What you return should match every record exactly, with the images removed.

───

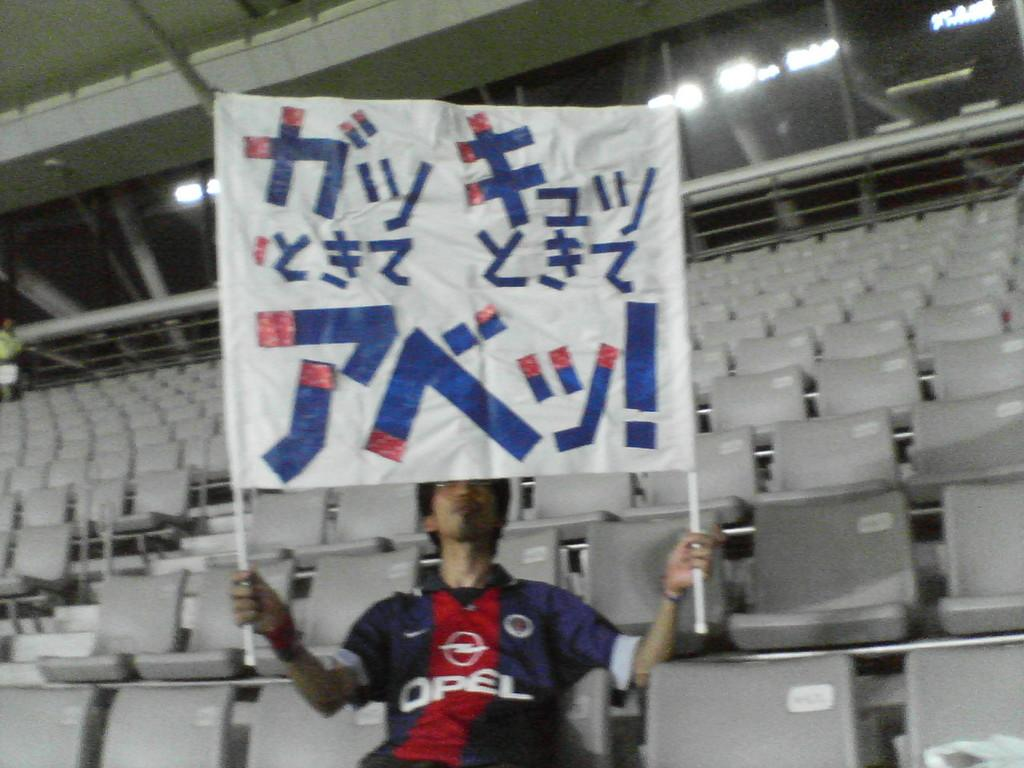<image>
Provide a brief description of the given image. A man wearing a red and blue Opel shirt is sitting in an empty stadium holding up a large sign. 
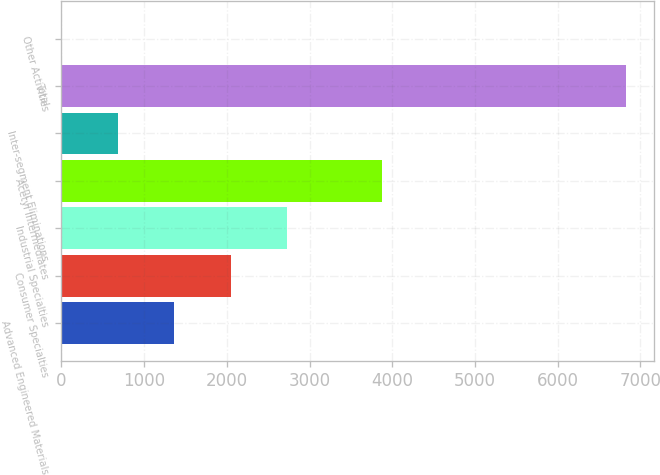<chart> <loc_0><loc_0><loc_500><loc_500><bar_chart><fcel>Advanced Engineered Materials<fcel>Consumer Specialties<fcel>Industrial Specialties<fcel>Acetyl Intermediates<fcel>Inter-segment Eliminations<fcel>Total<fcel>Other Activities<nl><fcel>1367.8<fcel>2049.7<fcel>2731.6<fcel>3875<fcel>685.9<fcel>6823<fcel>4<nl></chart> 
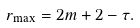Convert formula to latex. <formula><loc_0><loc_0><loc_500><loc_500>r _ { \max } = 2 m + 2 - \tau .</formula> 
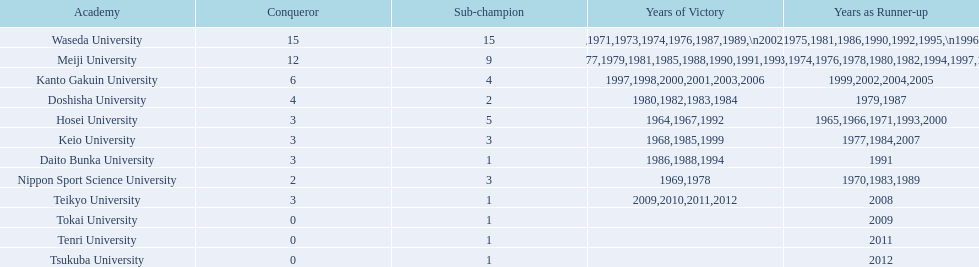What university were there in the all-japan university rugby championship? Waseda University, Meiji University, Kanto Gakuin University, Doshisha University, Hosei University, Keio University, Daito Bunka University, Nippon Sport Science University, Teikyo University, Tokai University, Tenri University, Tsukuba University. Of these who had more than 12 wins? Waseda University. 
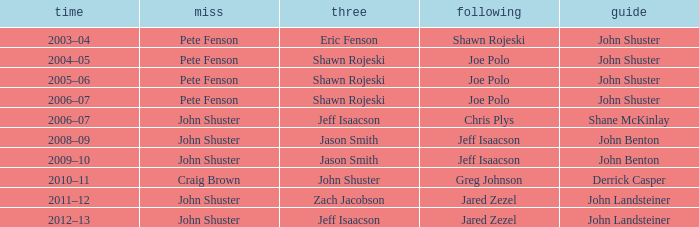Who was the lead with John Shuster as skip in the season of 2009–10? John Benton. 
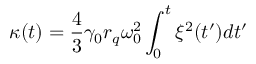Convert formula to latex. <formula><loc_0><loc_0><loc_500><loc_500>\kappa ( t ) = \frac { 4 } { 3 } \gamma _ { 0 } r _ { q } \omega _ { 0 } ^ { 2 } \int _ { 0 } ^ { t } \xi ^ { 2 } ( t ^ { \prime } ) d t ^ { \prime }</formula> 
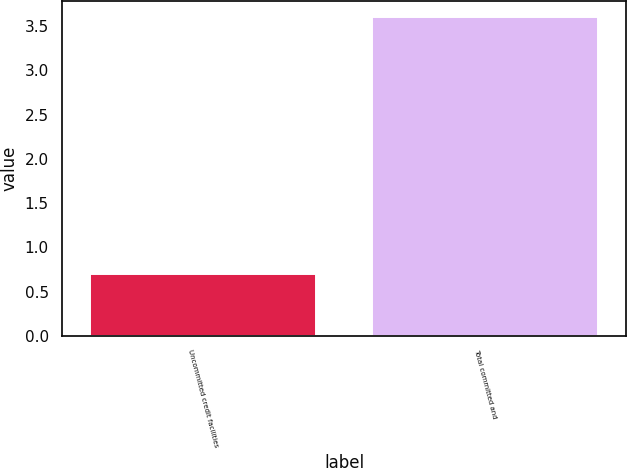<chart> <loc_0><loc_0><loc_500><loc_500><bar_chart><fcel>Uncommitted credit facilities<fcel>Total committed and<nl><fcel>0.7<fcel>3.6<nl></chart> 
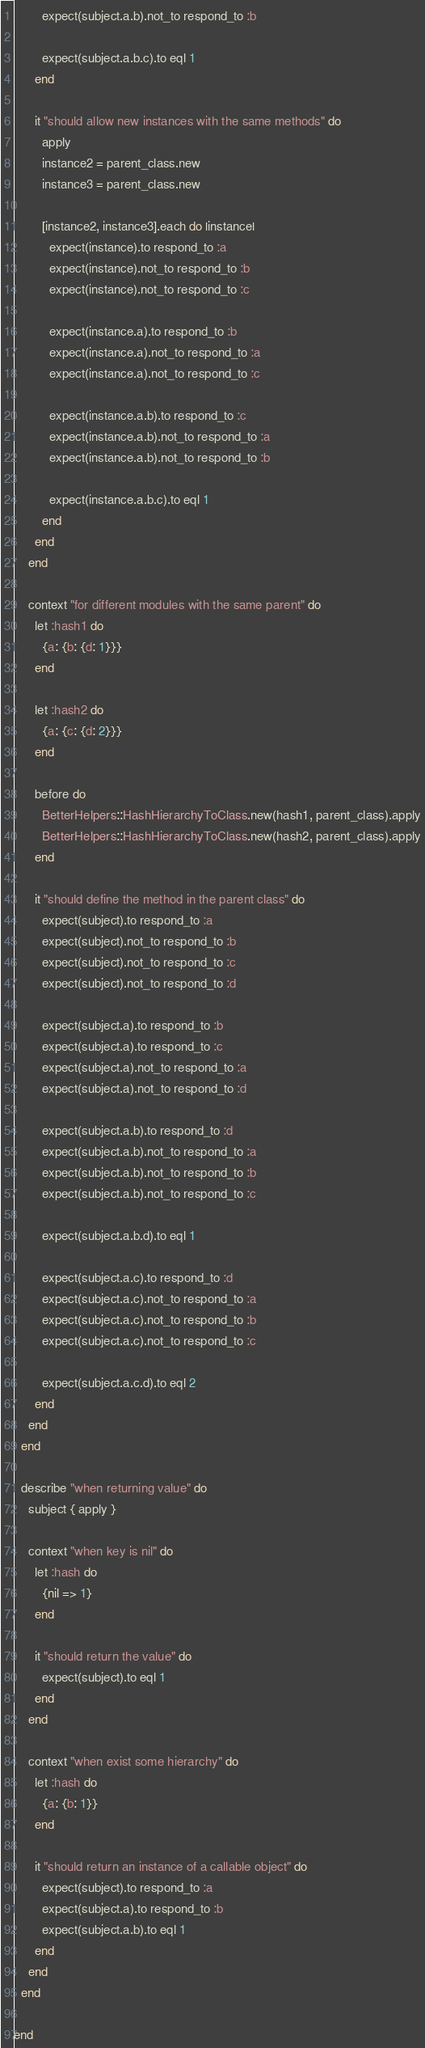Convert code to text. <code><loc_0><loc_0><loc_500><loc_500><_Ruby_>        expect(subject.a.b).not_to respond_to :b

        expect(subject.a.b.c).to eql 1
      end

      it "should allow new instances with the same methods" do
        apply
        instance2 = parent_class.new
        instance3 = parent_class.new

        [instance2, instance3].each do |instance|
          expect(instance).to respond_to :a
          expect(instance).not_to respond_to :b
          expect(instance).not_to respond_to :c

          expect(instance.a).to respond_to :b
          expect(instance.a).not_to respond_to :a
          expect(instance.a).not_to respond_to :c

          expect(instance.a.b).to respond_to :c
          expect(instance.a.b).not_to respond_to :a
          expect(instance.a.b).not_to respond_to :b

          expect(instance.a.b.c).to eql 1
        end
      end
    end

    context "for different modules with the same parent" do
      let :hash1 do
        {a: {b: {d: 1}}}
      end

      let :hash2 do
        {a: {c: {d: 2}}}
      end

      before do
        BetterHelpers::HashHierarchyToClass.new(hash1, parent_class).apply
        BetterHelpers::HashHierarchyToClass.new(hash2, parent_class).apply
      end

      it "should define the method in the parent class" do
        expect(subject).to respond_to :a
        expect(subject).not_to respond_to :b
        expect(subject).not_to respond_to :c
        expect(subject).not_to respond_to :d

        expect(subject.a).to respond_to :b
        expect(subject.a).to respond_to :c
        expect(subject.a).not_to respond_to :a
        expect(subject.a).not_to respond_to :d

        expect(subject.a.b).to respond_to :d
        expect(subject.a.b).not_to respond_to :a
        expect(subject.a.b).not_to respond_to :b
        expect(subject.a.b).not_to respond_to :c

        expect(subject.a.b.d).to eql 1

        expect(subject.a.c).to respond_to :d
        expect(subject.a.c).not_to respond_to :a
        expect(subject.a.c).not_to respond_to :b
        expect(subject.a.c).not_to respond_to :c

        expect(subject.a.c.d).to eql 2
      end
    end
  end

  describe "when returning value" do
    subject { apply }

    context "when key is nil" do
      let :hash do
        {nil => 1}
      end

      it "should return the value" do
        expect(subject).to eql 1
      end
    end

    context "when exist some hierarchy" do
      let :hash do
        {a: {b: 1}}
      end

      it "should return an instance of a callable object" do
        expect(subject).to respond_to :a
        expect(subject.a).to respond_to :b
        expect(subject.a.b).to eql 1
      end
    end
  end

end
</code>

───

Written response:
<image>
Provide a brief description of the given image. A man wearing a red and blue Opel shirt is sitting in an empty stadium holding up a large sign. 
<chart> <loc_0><loc_0><loc_500><loc_500><bar_chart><fcel>Advanced Engineered Materials<fcel>Consumer Specialties<fcel>Industrial Specialties<fcel>Acetyl Intermediates<fcel>Inter-segment Eliminations<fcel>Total<fcel>Other Activities<nl><fcel>1367.8<fcel>2049.7<fcel>2731.6<fcel>3875<fcel>685.9<fcel>6823<fcel>4<nl></chart> 
Convert formula to latex. <formula><loc_0><loc_0><loc_500><loc_500>r _ { \max } = 2 m + 2 - \tau .</formula> 
What university were there in the all-japan university rugby championship? Waseda University, Meiji University, Kanto Gakuin University, Doshisha University, Hosei University, Keio University, Daito Bunka University, Nippon Sport Science University, Teikyo University, Tokai University, Tenri University, Tsukuba University. Of these who had more than 12 wins? Waseda University. 
Who was the lead with John Shuster as skip in the season of 2009–10? John Benton. 
Convert formula to latex. <formula><loc_0><loc_0><loc_500><loc_500>\kappa ( t ) = \frac { 4 } { 3 } \gamma _ { 0 } r _ { q } \omega _ { 0 } ^ { 2 } \int _ { 0 } ^ { t } \xi ^ { 2 } ( t ^ { \prime } ) d t ^ { \prime }</formula> 
<chart> <loc_0><loc_0><loc_500><loc_500><bar_chart><fcel>Uncommitted credit facilities<fcel>Total committed and<nl><fcel>0.7<fcel>3.6<nl></chart> 
Convert code to text. <code><loc_0><loc_0><loc_500><loc_500><_Ruby_>        expect(subject.a.b).not_to respond_to :b

        expect(subject.a.b.c).to eql 1
      end

      it "should allow new instances with the same methods" do
        apply
        instance2 = parent_class.new
        instance3 = parent_class.new

        [instance2, instance3].each do |instance|
          expect(instance).to respond_to :a
          expect(instance).not_to respond_to :b
          expect(instance).not_to respond_to :c

          expect(instance.a).to respond_to :b
          expect(instance.a).not_to respond_to :a
          expect(instance.a).not_to respond_to :c

          expect(instance.a.b).to respond_to :c
          expect(instance.a.b).not_to respond_to :a
          expect(instance.a.b).not_to respond_to :b

          expect(instance.a.b.c).to eql 1
        end
      end
    end

    context "for different modules with the same parent" do
      let :hash1 do
        {a: {b: {d: 1}}}
      end

      let :hash2 do
        {a: {c: {d: 2}}}
      end

      before do
        BetterHelpers::HashHierarchyToClass.new(hash1, parent_class).apply
        BetterHelpers::HashHierarchyToClass.new(hash2, parent_class).apply
      end

      it "should define the method in the parent class" do
        expect(subject).to respond_to :a
        expect(subject).not_to respond_to :b
        expect(subject).not_to respond_to :c
        expect(subject).not_to respond_to :d

        expect(subject.a).to respond_to :b
        expect(subject.a).to respond_to :c
        expect(subject.a).not_to respond_to :a
        expect(subject.a).not_to respond_to :d

        expect(subject.a.b).to respond_to :d
        expect(subject.a.b).not_to respond_to :a
        expect(subject.a.b).not_to respond_to :b
        expect(subject.a.b).not_to respond_to :c

        expect(subject.a.b.d).to eql 1

        expect(subject.a.c).to respond_to :d
        expect(subject.a.c).not_to respond_to :a
        expect(subject.a.c).not_to respond_to :b
        expect(subject.a.c).not_to respond_to :c

        expect(subject.a.c.d).to eql 2
      end
    end
  end

  describe "when returning value" do
    subject { apply }

    context "when key is nil" do
      let :hash do
        {nil => 1}
      end

      it "should return the value" do
        expect(subject).to eql 1
      end
    end

    context "when exist some hierarchy" do
      let :hash do
        {a: {b: 1}}
      end

      it "should return an instance of a callable object" do
        expect(subject).to respond_to :a
        expect(subject.a).to respond_to :b
        expect(subject.a.b).to eql 1
      end
    end
  end

end
</code>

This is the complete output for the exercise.